* _WORK INSTRUCTION_
Quote the listing below word for word, stopping after the line that contains "Answer wanted: a 3D cuboid".
DATA SHOWN section start
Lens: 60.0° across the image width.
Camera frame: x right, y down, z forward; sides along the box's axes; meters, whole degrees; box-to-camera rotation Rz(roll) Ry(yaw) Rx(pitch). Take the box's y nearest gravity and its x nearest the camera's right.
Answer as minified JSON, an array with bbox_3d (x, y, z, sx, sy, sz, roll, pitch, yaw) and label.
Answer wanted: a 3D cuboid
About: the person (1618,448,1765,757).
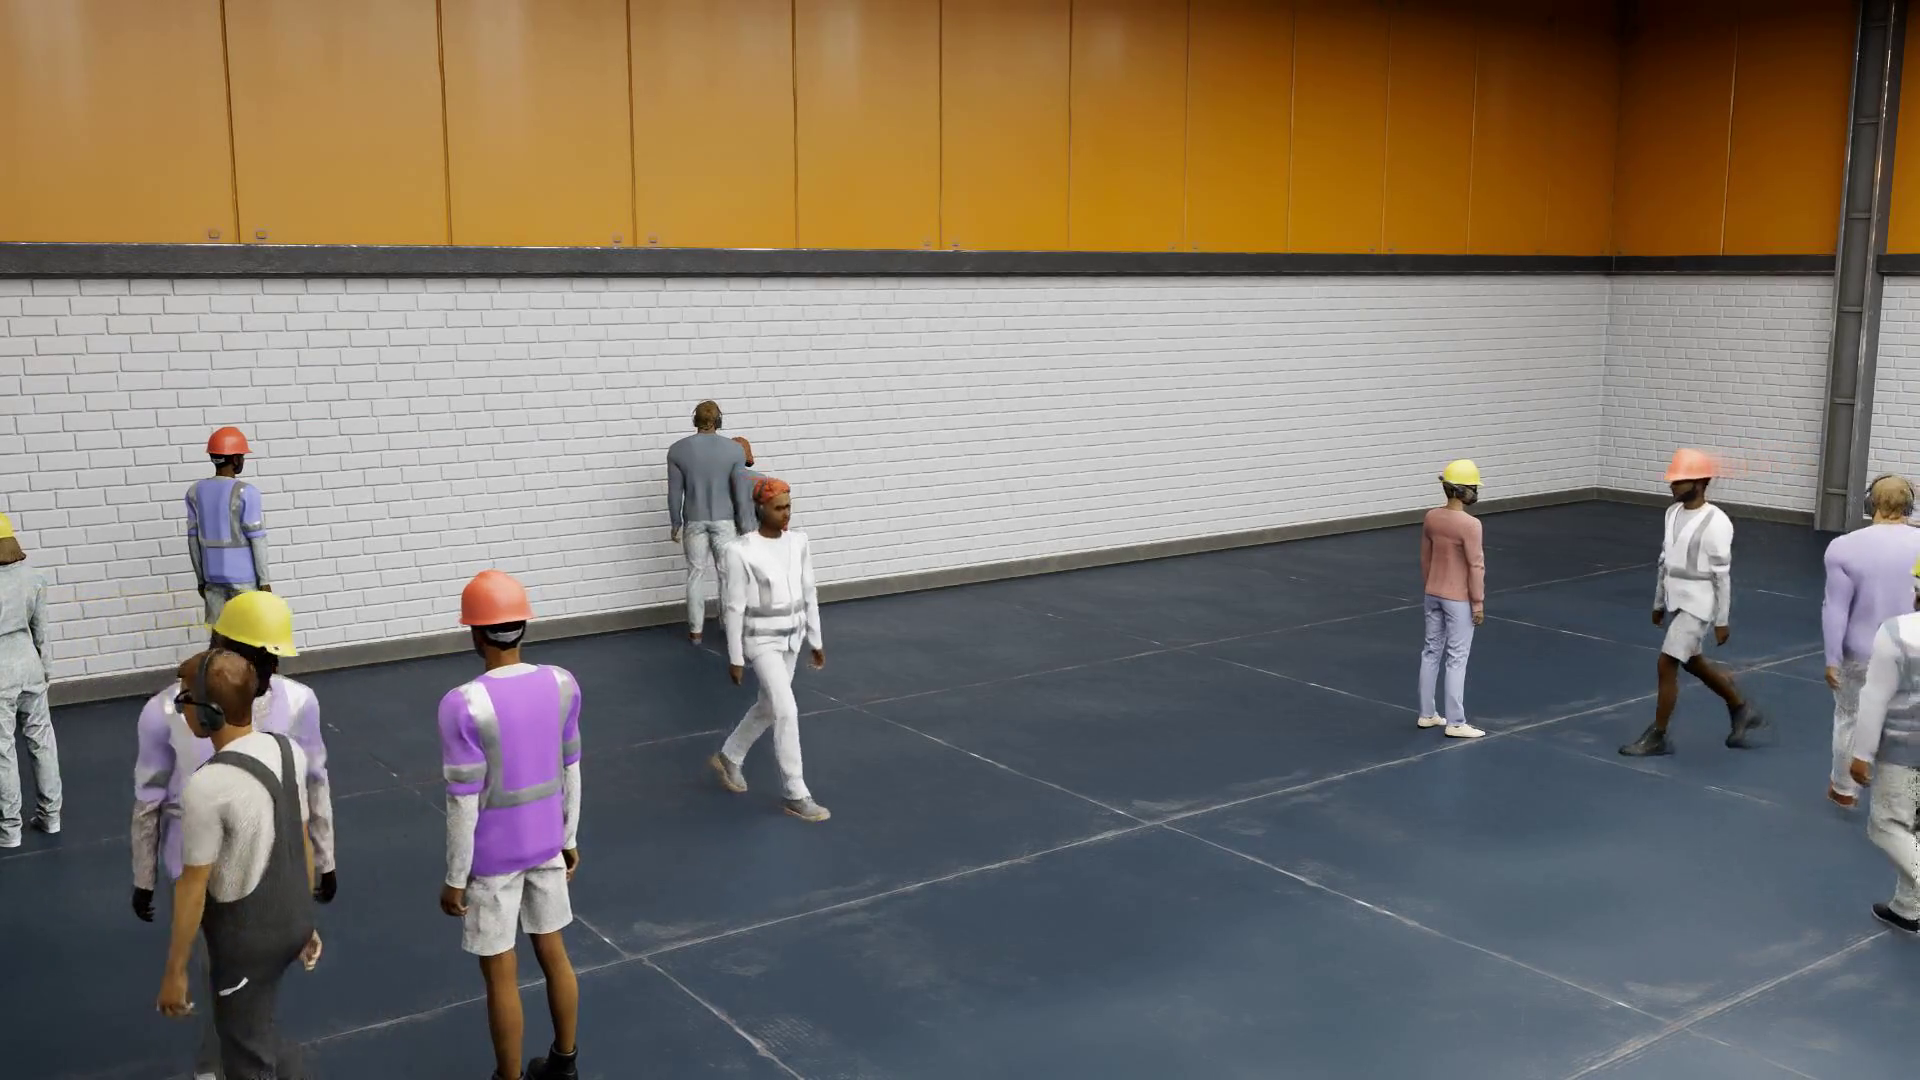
[{"bbox_3d":[4.519,0.381,10.115,0.936,1.903,0.559,-1,9,-7],"label":"person"}]

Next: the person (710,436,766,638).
[{"bbox_3d":[-1.776,-0.018,13.382,0.494,1.624,0.279,-1,9,-6],"label":"person"}]

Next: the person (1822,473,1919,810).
[{"bbox_3d":[4.860,0.597,8.754,0.635,1.909,0.970,2,9,13],"label":"person"}]

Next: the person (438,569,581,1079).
[{"bbox_3d":[-1.562,1.064,5.761,0.391,1.935,0.556,7,12,38],"label":"person"}]

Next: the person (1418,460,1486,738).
[{"bbox_3d":[3.132,0.370,10.553,0.311,1.767,0.526,-4,10,-24],"label":"person"}]

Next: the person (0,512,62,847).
[{"bbox_3d":[-4.920,0.704,8.565,0.300,1.742,0.492,4,10,24],"label":"person"}]

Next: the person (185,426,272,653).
[{"bbox_3d":[-4.770,0.220,10.943,0.553,1.935,0.362,2,9,14],"label":"person"}]

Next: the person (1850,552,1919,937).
[{"bbox_3d":[4.182,0.902,7.131,0.598,1.808,0.694,-1,9,-7],"label":"person"}]

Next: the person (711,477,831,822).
[{"bbox_3d":[-1.071,0.559,9.146,0.928,1.850,0.584,7,12,37],"label":"person"}]

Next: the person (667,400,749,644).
[{"bbox_3d":[-1.986,-0.137,13.164,0.651,1.935,0.357,0,9,-1],"label":"person"}]

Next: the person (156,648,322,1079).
[{"bbox_3d":[-2.178,1.228,5.074,0.390,1.830,0.505,1,9,5],"label":"person"}]

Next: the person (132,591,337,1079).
[{"bbox_3d":[-2.449,1.101,5.690,0.804,1.874,0.615,8,12,42],"label":"person"}]
DATA SHOWN section end
* _EXERCISE RESPONSE_
Lens: 60.0° across the image width.
Camera frame: x right, y down, z forward; sides along the box's axes; meters, whole degrees; box-to-camera rotation Rz(roll) Ry(yaw) Rx(pitch). Take the box's y nearest gravity and its x nearest the camera's right.
Answer as minified JSON, an array with bbox_3d (x, y, z, sx, sy, sz, roll, pitch, yaw) and label.
Answer wanted: a 3D cuboid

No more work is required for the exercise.